Start of DATA FOR REVIEW

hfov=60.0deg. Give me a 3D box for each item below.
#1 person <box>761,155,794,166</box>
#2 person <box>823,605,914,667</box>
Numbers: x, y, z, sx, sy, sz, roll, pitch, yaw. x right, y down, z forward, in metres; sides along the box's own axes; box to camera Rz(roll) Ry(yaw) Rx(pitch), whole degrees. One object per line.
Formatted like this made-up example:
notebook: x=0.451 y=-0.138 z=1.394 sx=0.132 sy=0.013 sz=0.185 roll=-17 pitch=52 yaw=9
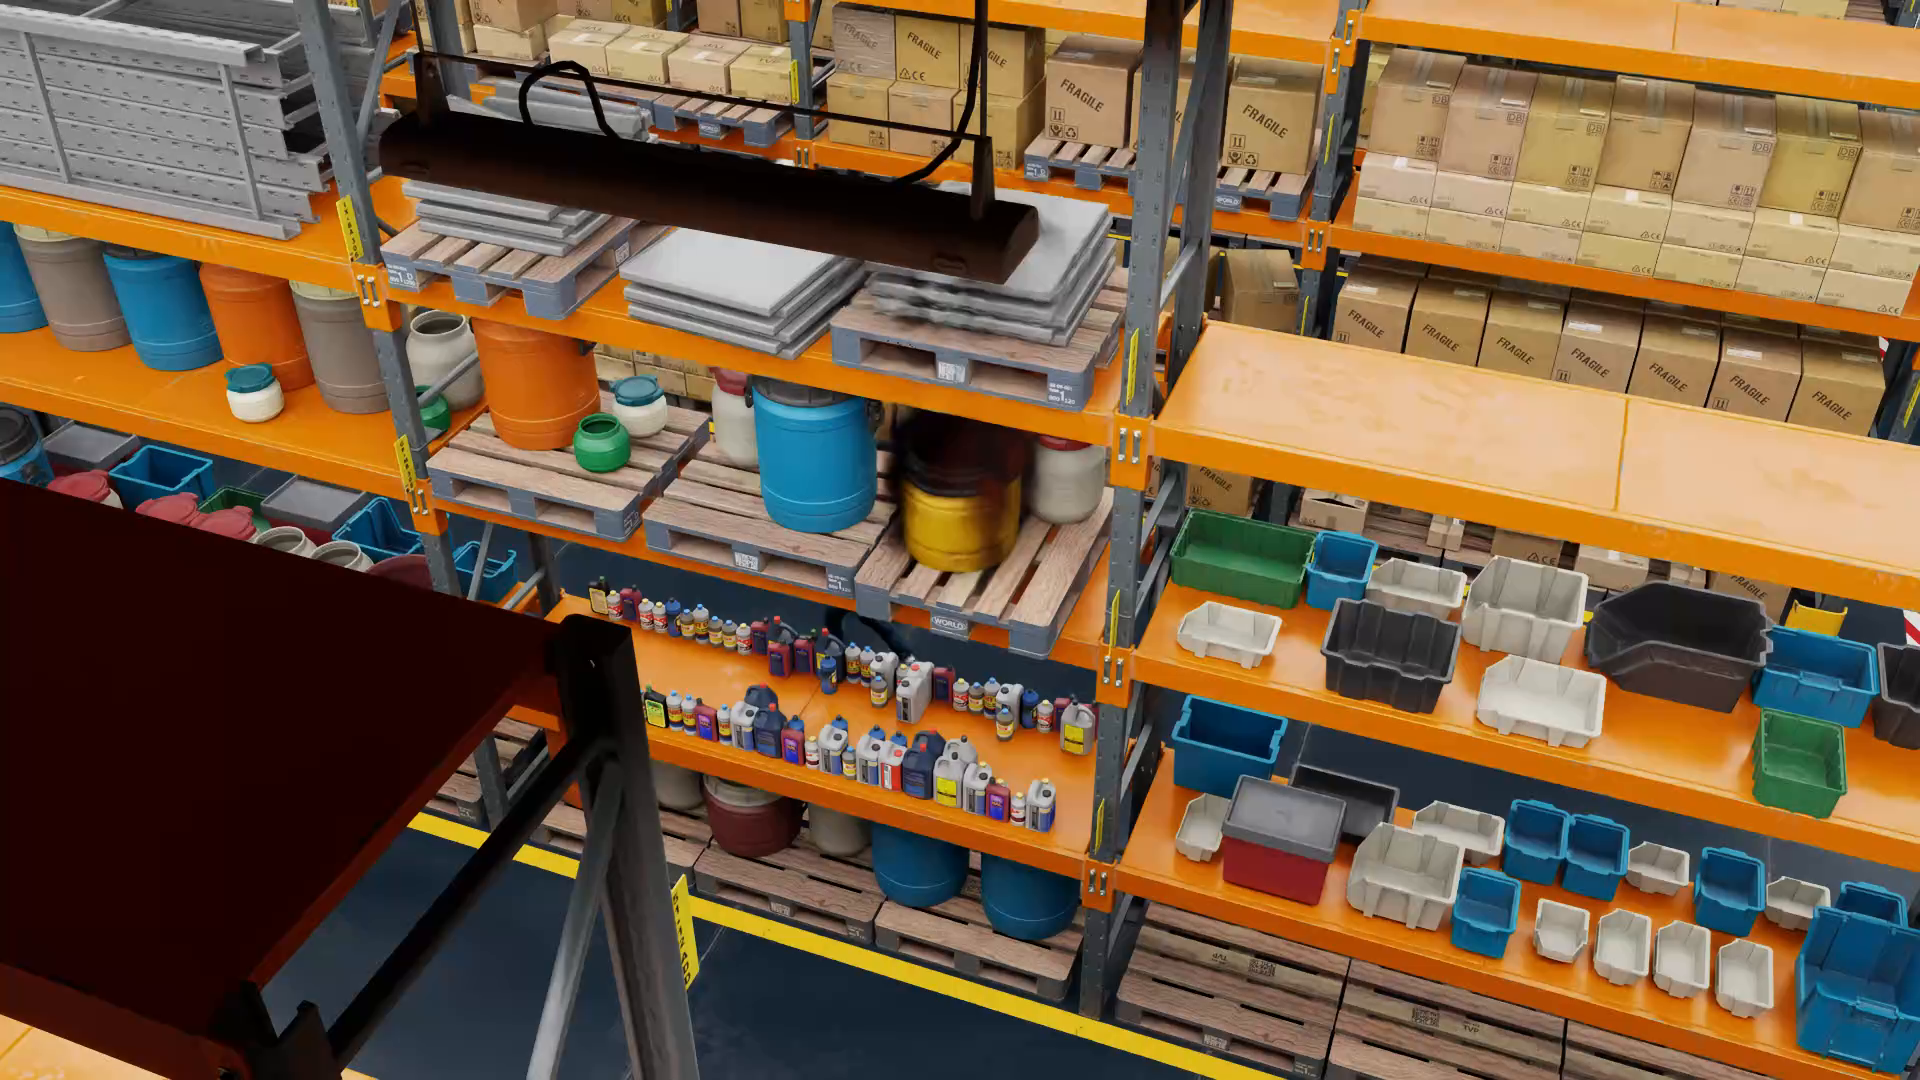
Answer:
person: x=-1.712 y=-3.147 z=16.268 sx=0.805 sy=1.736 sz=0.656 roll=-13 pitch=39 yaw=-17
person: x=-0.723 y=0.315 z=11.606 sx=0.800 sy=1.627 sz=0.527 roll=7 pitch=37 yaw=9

End of DATA FOR REVIEW

ASSIGNMENT –
Reproduce only the lines between the line with "Formatted like this" and the final line of the records, both included, so that the copy matches them exactly and contains no pictures.

PROBLEM SOLUTION –
Formatted like this made-up example:
notebook: x=0.451 y=-0.138 z=1.394 sx=0.132 sy=0.013 sz=0.185 roll=-17 pitch=52 yaw=9
Answer:
person: x=-1.712 y=-3.147 z=16.268 sx=0.805 sy=1.736 sz=0.656 roll=-13 pitch=39 yaw=-17
person: x=-0.723 y=0.315 z=11.606 sx=0.800 sy=1.627 sz=0.527 roll=7 pitch=37 yaw=9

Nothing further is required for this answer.